Стас подал меню Галке, она равнодушно раскрыла его и передала мне, а я вернул Стасу.
– Смотри сам, старик, – сказал я. – Мне как-то непривычно…
– Пьем коньяк? – спросил Стас.
– Ты что? Вернулся из рейса и получил деньгу?
– Я не плаваю, Олег, – сказал Стас, – в мореходке преподаю…
– Понятно, – протянул я, – уговорила… Что ж, дело ваше.
Значит, добилась Галка своего, а она и глазом не повела. Выдержка железная.
– Давай водку, – предложил я, – для дамы – шампанского… Ну и закусить чего. На твой вкус.
– Может быть, шашлык? – нерешительно произнес Стас.
– Из баранины? – ошалело спросил я.
ГЛАВА ВТОРАЯ
Малиновая тарелка солнца покрылась неожиданно сеткой трещин. Жутко было видеть трещины на солнце, мир заполнила загробная тишина, человек сжал свои чувства в комок и приготовился умереть.
Но умереть ему не пришлось. Донесся неясный звон, звон приближался, вытесняя тишину, и человек обрел надежду.

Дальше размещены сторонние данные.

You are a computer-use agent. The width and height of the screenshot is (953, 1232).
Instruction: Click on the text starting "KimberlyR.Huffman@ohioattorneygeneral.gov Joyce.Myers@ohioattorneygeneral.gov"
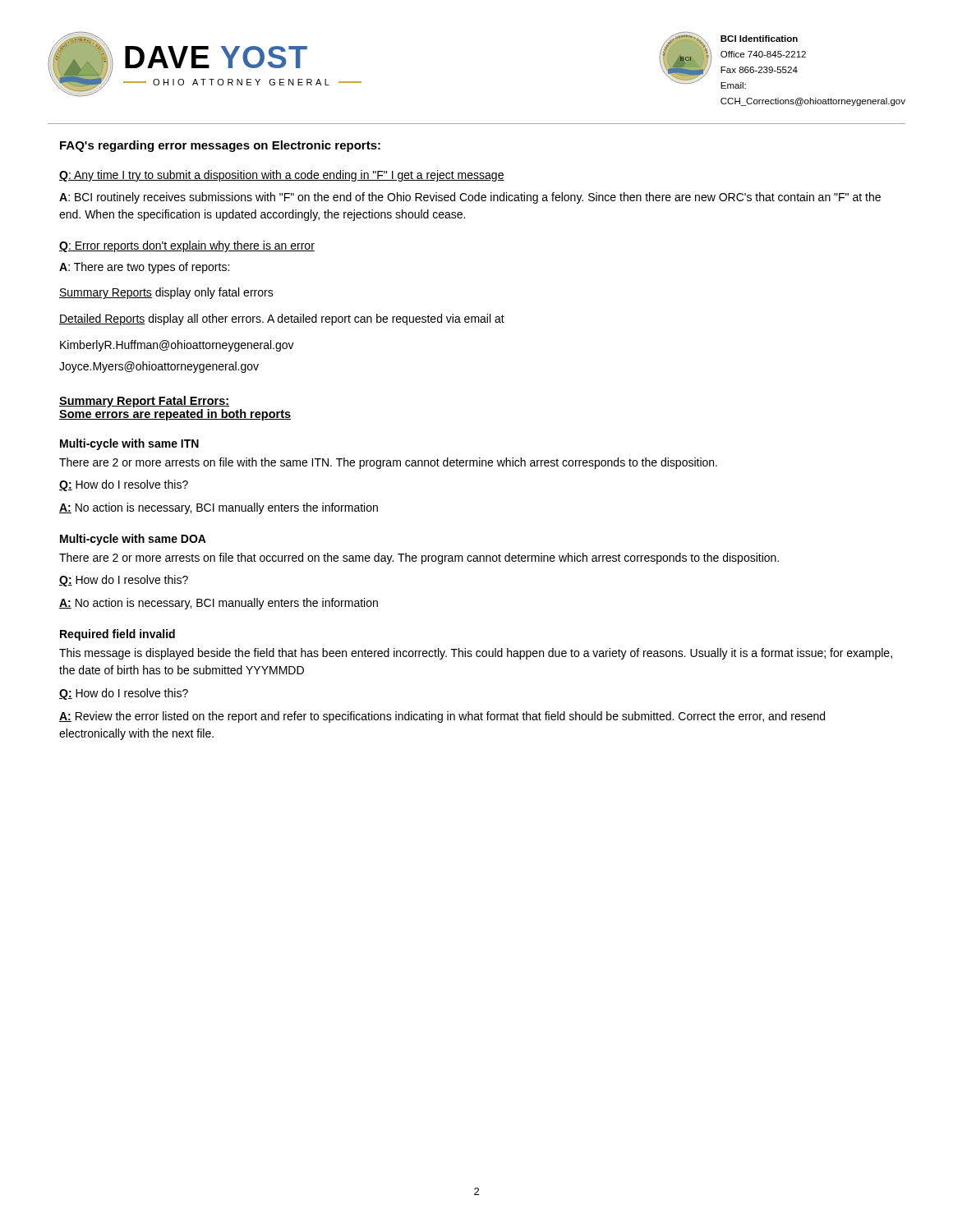176,355
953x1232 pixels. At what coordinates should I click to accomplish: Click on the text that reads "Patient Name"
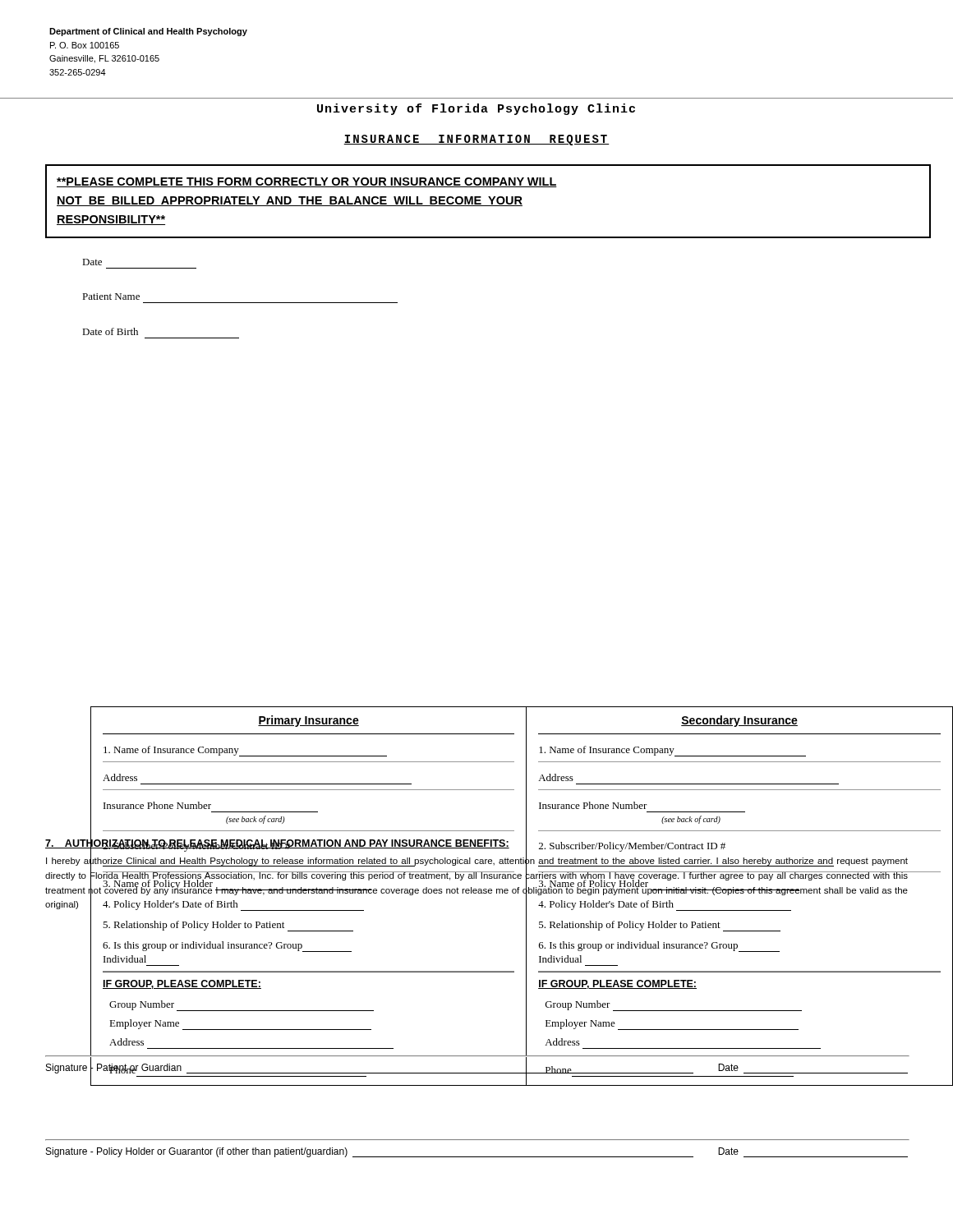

С трудом разлепил веки, не сознавая окружающего… Он лежал ничком на галечном берегу. Неширокий пляж был зажат отвесными скалами, и в поле зрения попали лишь два или три обкатанных голыша. Он попытался шевельнуться, судорога прошла по телу, прикрытому изодранной одеждой, дрогнули голые ступни ног, и человек снова потерял сознание.
Прошло несколько минут. Он услышал наконец резкие крики чаек и ощутил, что к нему вернулась власть над телом. Он осторожно подтянул правую ногу, оперся на локоть левой руки и повернул голову. Теперь он увидел скалы, кусок серого моря, черно-белых чаек в отдалении.
Он долго лежал без движения и вспоминал, пока не почувствовал, как холод сводит мышцы, и не понял: останься он здесь немного еще – ему никогда не подняться…
Он заставил себя встать на ноги и стоял, пошатываясь, на угрюмом берегу, где лишь серая галька, серое море, серая пелена, закрывшая небо, и только над невидимым горизонтом белесым пятном обнаруживало себя раннее солнце.
Надо было куда-то идти, и он пошел влево.
Он добрался до первой скалы и увидел тропинку, уходящую вверх. Человек повел по тропинке глазами, затем повернулся к морю и долго всматривался в безмятежную его поверхность.
Ему показалось, будто он видит неясное пятно на серой гальке, там, откуда только что прибрел…
«Нет, – подумал он, – ничего там нету…»
Но продолжал разглядывать продолговатое пятно на границе пляжа и моря, пятно шевельнулось, и, не чувствуя острых голышей под ногами, человек рванулся назад.